Rugby is certainly not a sport for those of faint heart, spirit, or body. Recently-retired Welsh back row Jonathan Thomas summarised the gladiatorial mentality of the rugby player perfectly, saying that “you need to want to go out and hurt people”. Undeniably, this perception rings true. There is an accepted brutality to the sport; a devilish undercurrent that is entirely integral to the game’s growing global appeal to players and spectators alike. No-one involved in rugby would want to take that away.
However, when Thomas’ summation is viewed alongside the fact that his retirement was premature, at 32, and was the result of contracting epilepsy after suffering multiple head traumas, the equation becomes more problematic.

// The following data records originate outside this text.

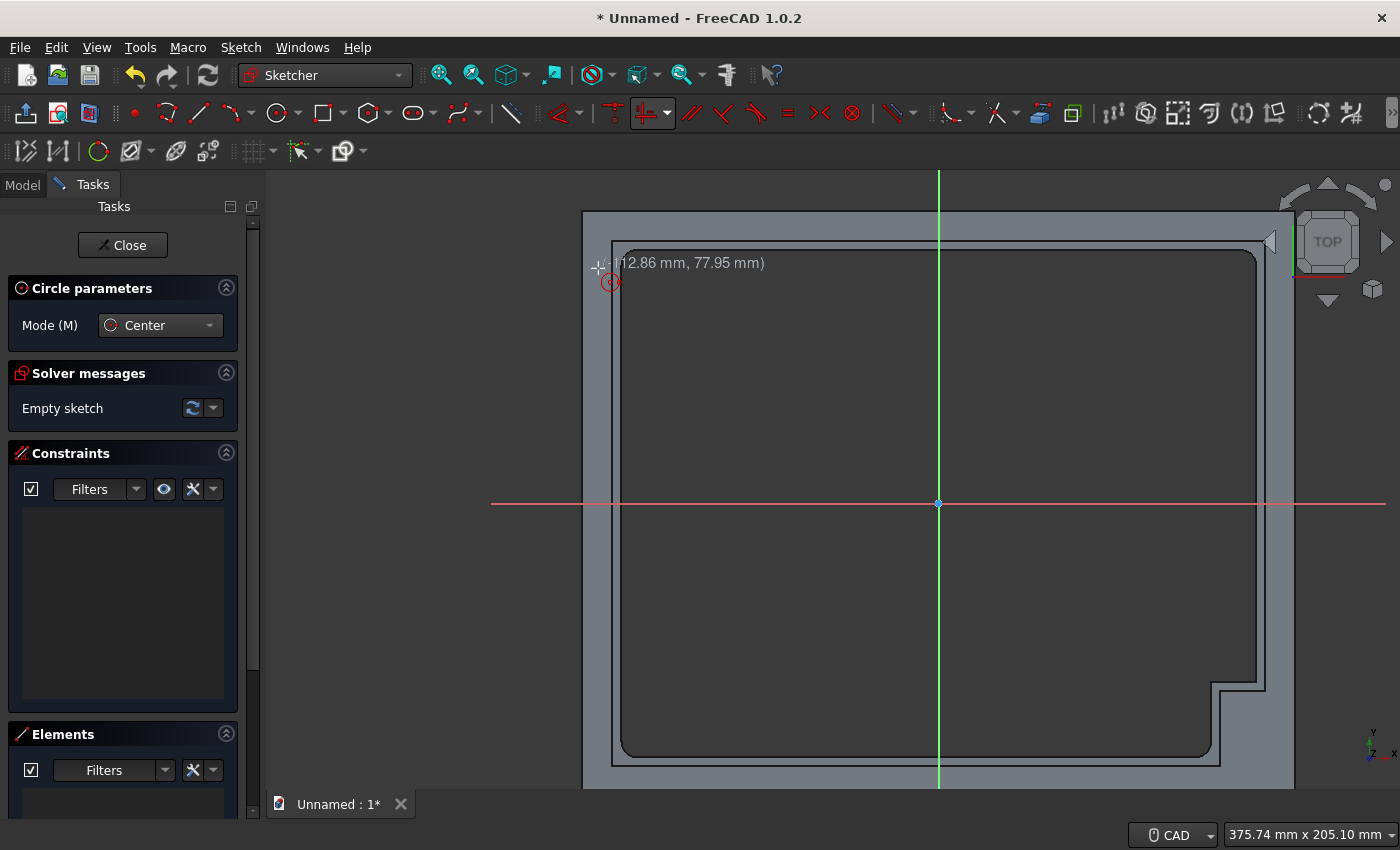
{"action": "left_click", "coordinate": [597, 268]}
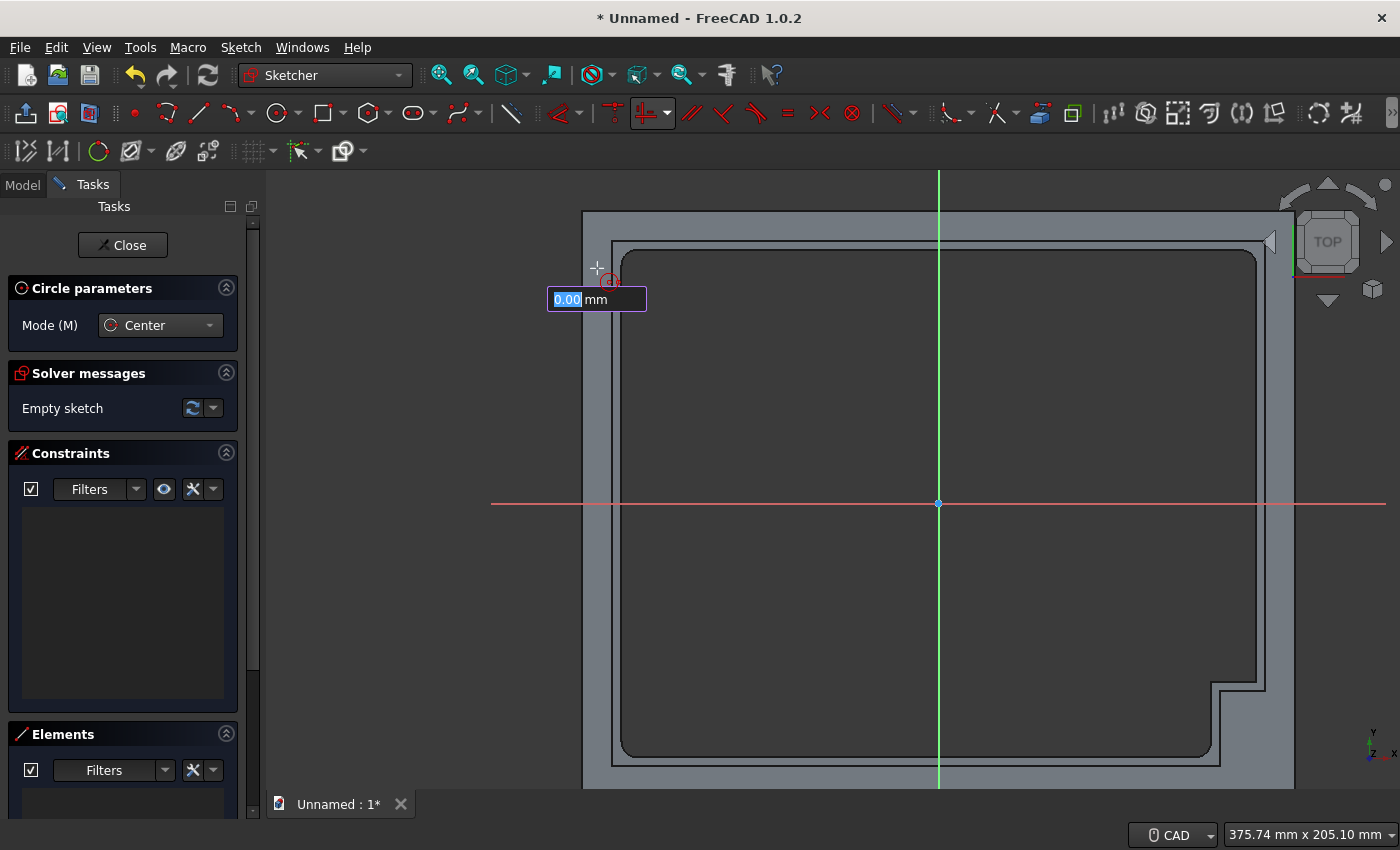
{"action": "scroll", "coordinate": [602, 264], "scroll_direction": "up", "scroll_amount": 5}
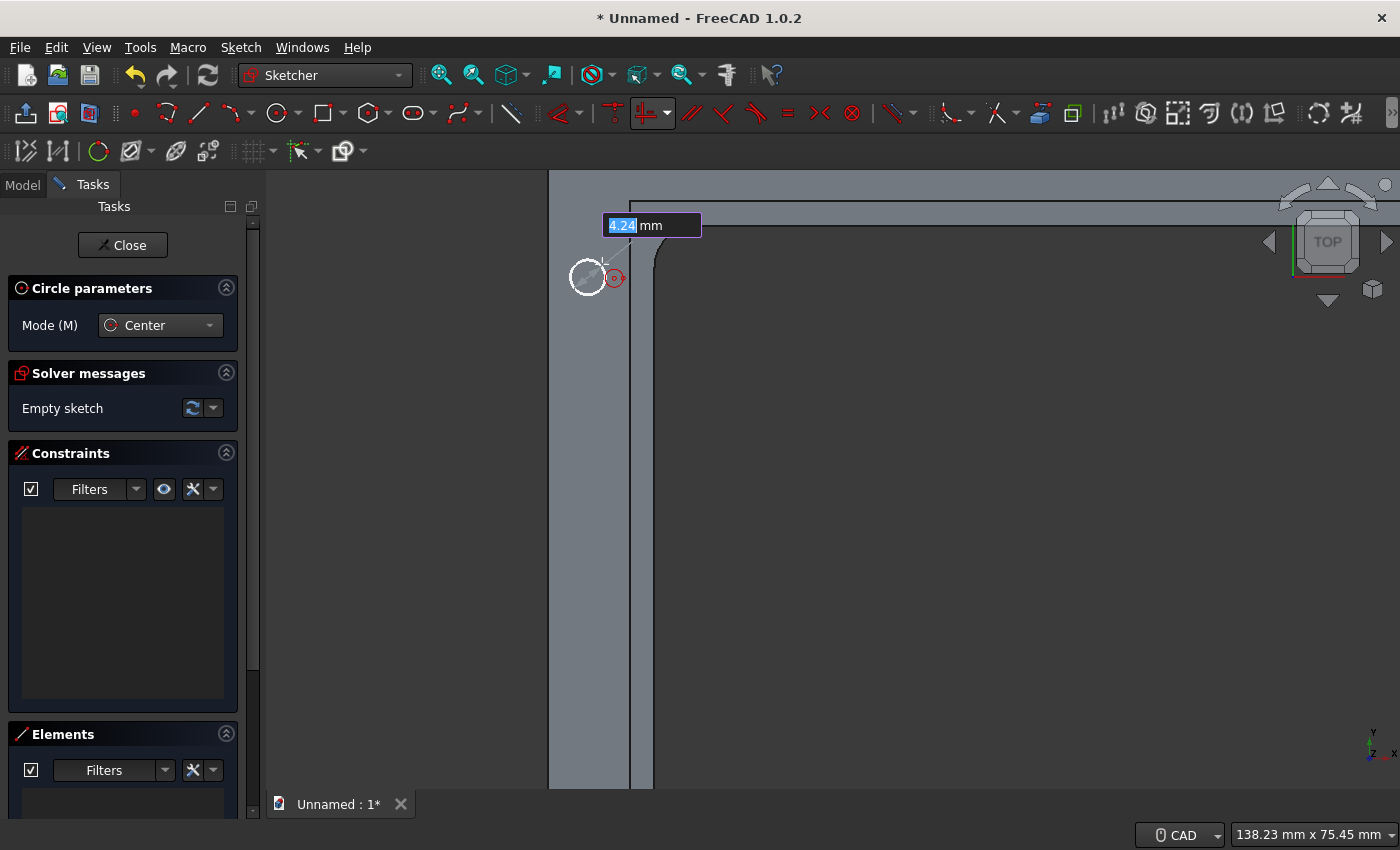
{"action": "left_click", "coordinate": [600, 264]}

Thomas is also by no means alone in this. Over the past couple of years, the issue of head injury has been catapulted to the top of the rugby agenda by a number of high-profile cases and studies. New Zealand-based journalist Ben Heather caught the attention of the international rugby community with a sobering exposé on the issue. His report concluded that injuries in rugby resulted in almost five times as many catastrophic incidents (i.e. paralysis or death) than they did in American Football, a sport that had long had a reputation for danger. Add to these findings the fact that Wales wing George North was advised by medical professionals to take a month out of the game last April, following four serious head injuries in five months – including being knocked out twice in one game, and still being allowed to play on – and it was clear that something had to be done.
And done it was. Last year’s World Cup saw the advent of the Head Injury Assessment Programme, in which on-field head injury identification and management was coupled with team medics being supported by independent concussion experts. The results were unerringly successful, with post-match assessments confirming that no player was returned to the field with concussion throughout the tournament.

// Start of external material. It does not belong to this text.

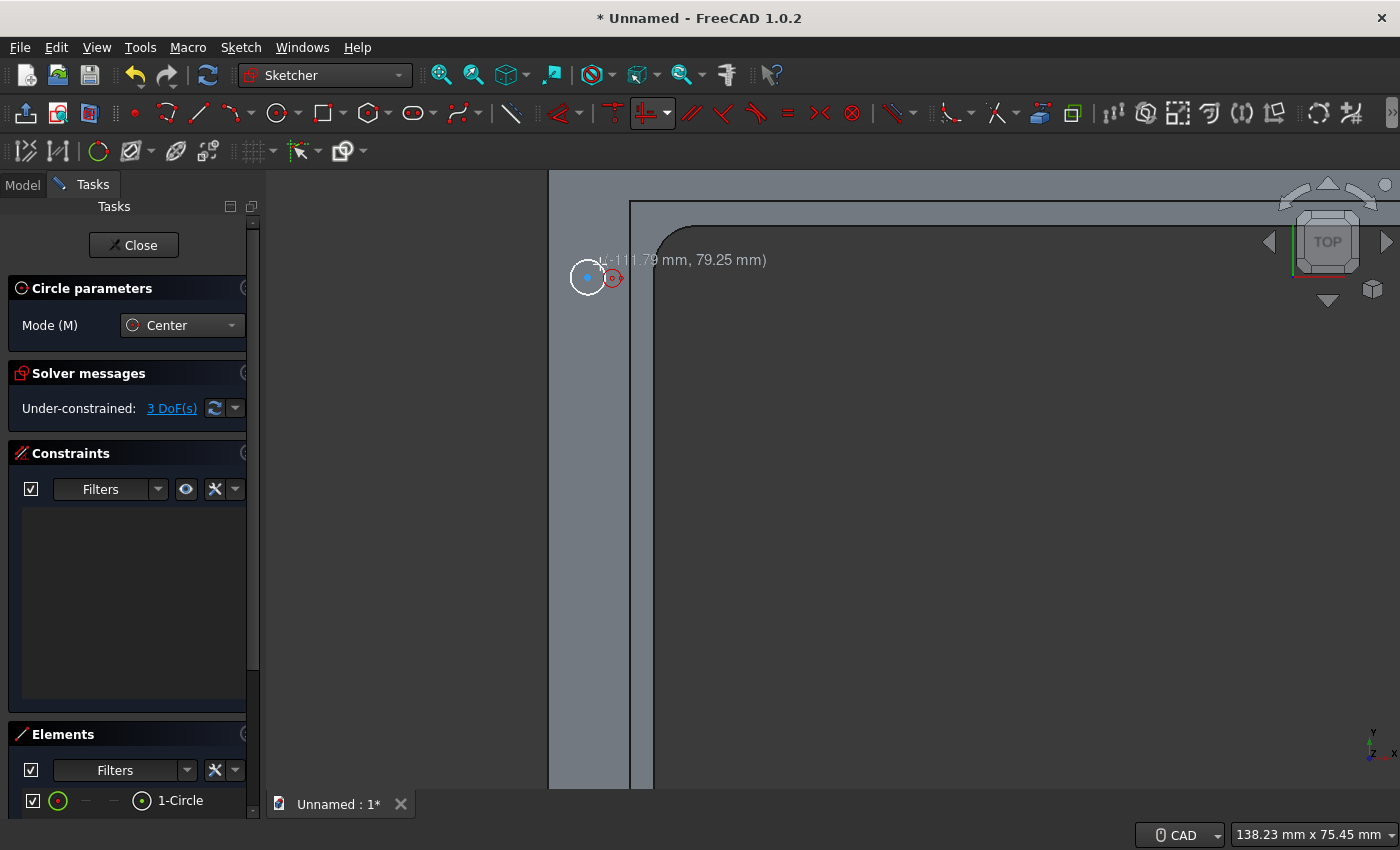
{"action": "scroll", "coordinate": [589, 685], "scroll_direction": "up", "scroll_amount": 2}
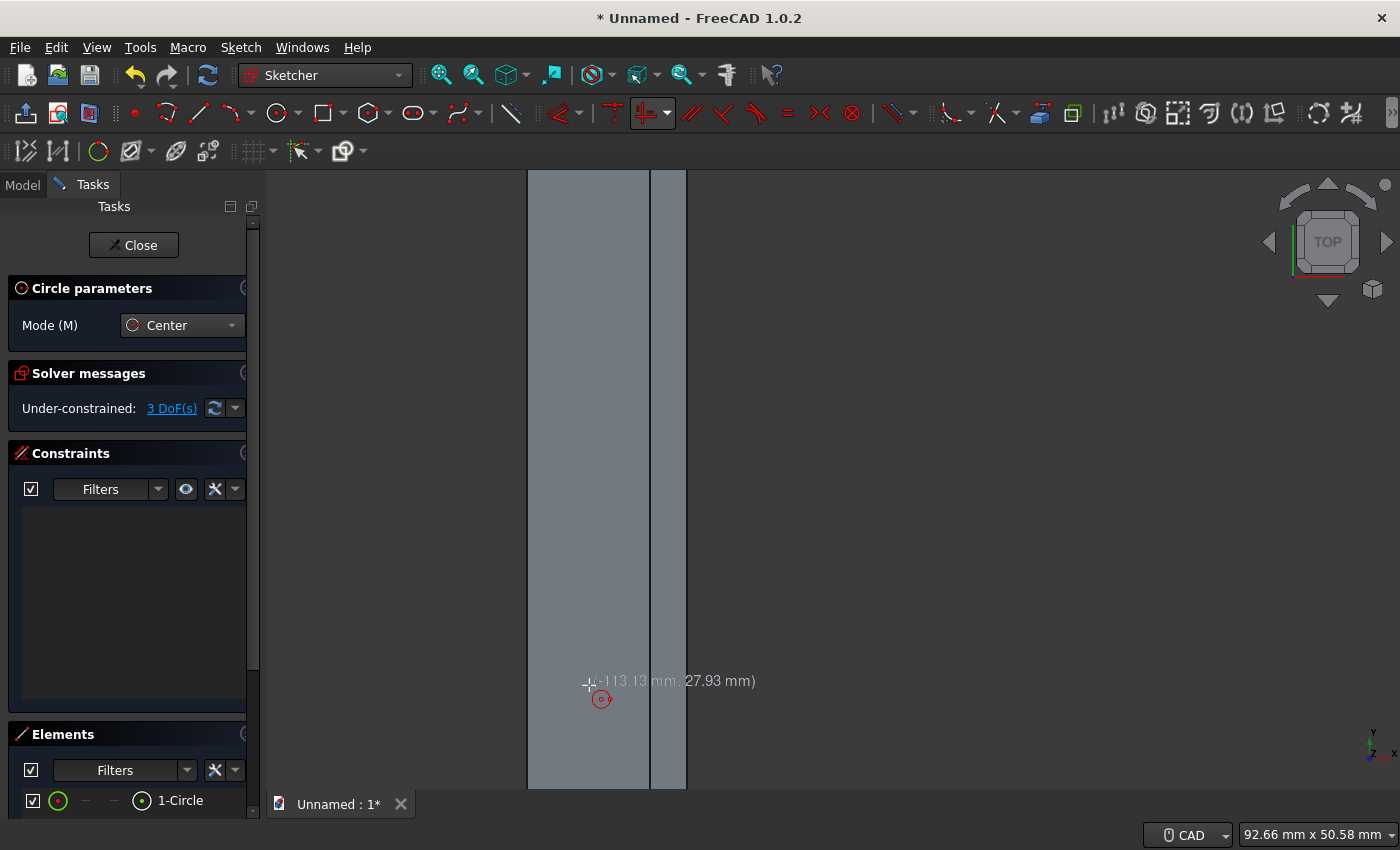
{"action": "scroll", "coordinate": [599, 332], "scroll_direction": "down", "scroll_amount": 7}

Whilst this is unequivocally a step in the right direction, rugby will only be made safer by a unanimous approach from governing bodies, players and coaches. Better tackling technique, taught from a young age, can equip the rugby players of tomorrow with the tools to prevent these injuries in the first place. And as Thomas himself argues, players themselves need to take better care. "It's not necessarily the laws of the game that's the problem - it's the awareness of the injury," he said. "It's more about players not trying to be heroes." Only with this three-pronged attack on head injury, will rugby become a safer game, and still retain the edge, the theatre, and the sheer physicality that make it what it is.